Later that year Paul traded some paintings for cash to attend the “Chicago World Columbian Exposition of 1893.” He took some paintings to show in Kentucky’s exhibit.  Around this time he did an impressionist waterscape of himself and Mayme in a canoe. Mayme’s scrapbook of the same period contains a long list of their friends who were married:

  • March 1890, Sue French to Logan McKee;
  • June 1893, Suzanne Smith to Western Thomas.

These things clearly were on her mind.

Paul’s paintings were sold through various Frankfort stores. Frank Stagg’s hardware may seem an odd outlet, but Frank was Paul’s buddy and people did buy some art at the hardware store. But acclaim for his art was not widespread, and sales never took off.  There’s no evidence Paul ever did well at marketing his work—or at selling period: witness how he disliked traveling as a rope & twine salesman.

Two years into the depression, Paul’s father Nat Sawyier borrowed $5,500 from Farmer’s Bank—an enormous sum in those days. Payoff was due in six months, but what happened was a series of defaults, lawsuits and court actions. These dragged on over six years, and were disastrous for Nat, his wife Ellen & his son Paul.
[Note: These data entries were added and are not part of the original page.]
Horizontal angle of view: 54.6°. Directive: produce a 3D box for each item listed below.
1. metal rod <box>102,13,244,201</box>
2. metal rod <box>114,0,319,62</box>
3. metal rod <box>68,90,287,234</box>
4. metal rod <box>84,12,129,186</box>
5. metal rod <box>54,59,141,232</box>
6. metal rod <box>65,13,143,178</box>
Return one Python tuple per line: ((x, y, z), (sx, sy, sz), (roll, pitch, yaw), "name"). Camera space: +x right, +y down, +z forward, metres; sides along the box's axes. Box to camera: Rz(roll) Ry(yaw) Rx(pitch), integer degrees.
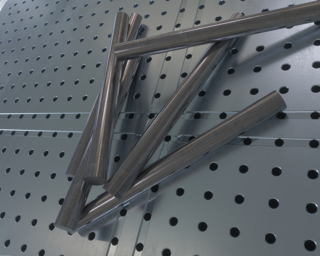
((0.029, -0.040, 0.400), (0.025, 0.025, 0.300), (23, 68, 36), "metal rod")
((0.088, -0.128, 0.405), (0.301, 0.025, 0.025), (-9, 57, 10), "metal rod")
((0.011, 0.045, 0.375), (0.300, 0.025, 0.025), (-32, 52, 7), "metal rod")
((-0.069, -0.063, 0.439), (0.025, 0.025, 0.300), (-13, 53, 21), "metal rod")
((-0.074, -0.008, 0.435), (0.025, 0.025, 0.300), (-1, 55, 28), "metal rod")
((-0.081, -0.063, 0.490), (0.025, 0.025, 0.300), (2, 62, 29), "metal rod")
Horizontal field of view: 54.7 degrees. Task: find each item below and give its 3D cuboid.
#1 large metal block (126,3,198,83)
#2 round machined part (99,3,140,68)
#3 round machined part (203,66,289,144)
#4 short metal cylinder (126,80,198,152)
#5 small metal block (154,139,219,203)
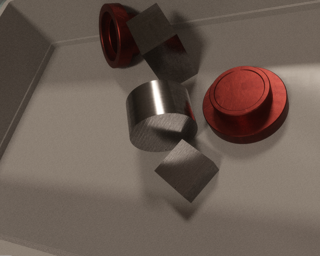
[{"bbox_3d":[0.003,-0.113,0.437,0.050,0.080,0.080,-30,52,9],"label":"large metal block"},{"bbox_3d":[-0.061,-0.146,0.492,0.042,0.097,0.098,-13,47,-24],"label":"round machined part"},{"bbox_3d":[0.097,-0.034,0.364,0.098,0.042,0.098,-13,56,20],"label":"round machined part"},{"bbox_3d":[0.001,-0.013,0.377,0.080,0.080,0.050,-21,54,15],"label":"short metal cylinder"},{"bbox_3d":[0.031,0.049,0.359,0.050,0.025,0.050,-48,52,-6],"label":"small metal block"}]
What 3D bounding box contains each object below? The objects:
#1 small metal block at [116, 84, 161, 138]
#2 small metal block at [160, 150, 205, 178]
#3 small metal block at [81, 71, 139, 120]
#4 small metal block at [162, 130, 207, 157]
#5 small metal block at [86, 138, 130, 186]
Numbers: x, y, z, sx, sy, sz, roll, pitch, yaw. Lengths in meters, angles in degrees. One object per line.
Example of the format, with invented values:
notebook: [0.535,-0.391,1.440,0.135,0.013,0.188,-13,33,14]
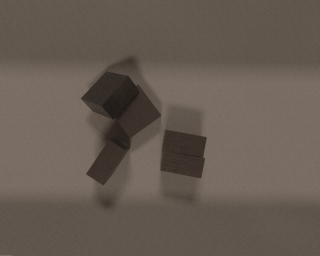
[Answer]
small metal block: [-0.033,-0.022,0.411,0.050,0.025,0.050,-36,91,0]
small metal block: [0.027,0.044,0.399,0.050,0.050,0.025,11,90,-1]
small metal block: [-0.063,-0.042,0.390,0.050,0.050,0.025,-51,132,-17]
small metal block: [0.030,0.019,0.399,0.050,0.050,0.025,10,90,-1]
small metal block: [-0.065,0.042,0.398,0.025,0.050,0.050,34,90,-1]
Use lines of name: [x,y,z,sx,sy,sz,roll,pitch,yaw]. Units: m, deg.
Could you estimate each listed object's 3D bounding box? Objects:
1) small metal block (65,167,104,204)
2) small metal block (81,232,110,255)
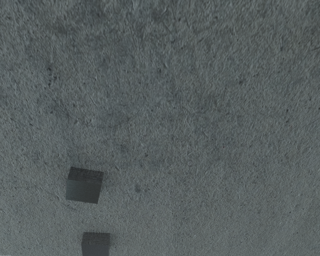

Making matters worse, Nat was developing dementia and would soon be unable to earn a living.

Paul spent many happy hours idling in the Turf Café on St Clair Street.   Known as Jimmy Gibbons’ place, the Turf Café was no ordinary place. It had a back room where the good ole boys hung out.  These included state senators, judges, the governor, other high state officials… and Paul Sawyier. They ate, gossiped, smoked & drank in grand privacy, because its entrance was through a side door, straight off the street, so they didn’t have to be seen going thru the dining room.

Paul Sawyier was a “neat” person. Someone who knew him well said “Paul would go … out on Elkhorn for a month, and when he returned he was just as good of appearance as when he left. Never got dirty on his outing trips; never saw him looking untidy in appearance.” His friends remembered him as ambivalent about concentrated work. It is said he could not sit down and paint on demand, and skipped painting at all for many days at a time. One friend said “Paul would idle about Frankfort for several months, until necessity urged him, when he would suddenly become industrious, go frequently into the field, & paint many pictures.” He would go weeks painting nothing at all—some thought him simply lazy.    He loved joining friends on a houseboat up the river for two weeks of fishing & camping. Some said Paul didn’t do much of the cooking or camp work. Tom Averill said “Paul Sawyier was hardly ever painting then, ‘[he was] usually playing the guitar, or just lounging around playing cards.”  His paintings in this period included many views of the covered bridges at Switzer and Forks of Elkhorn.

As for his romance with Mayme Bull, the years were simply rolling by.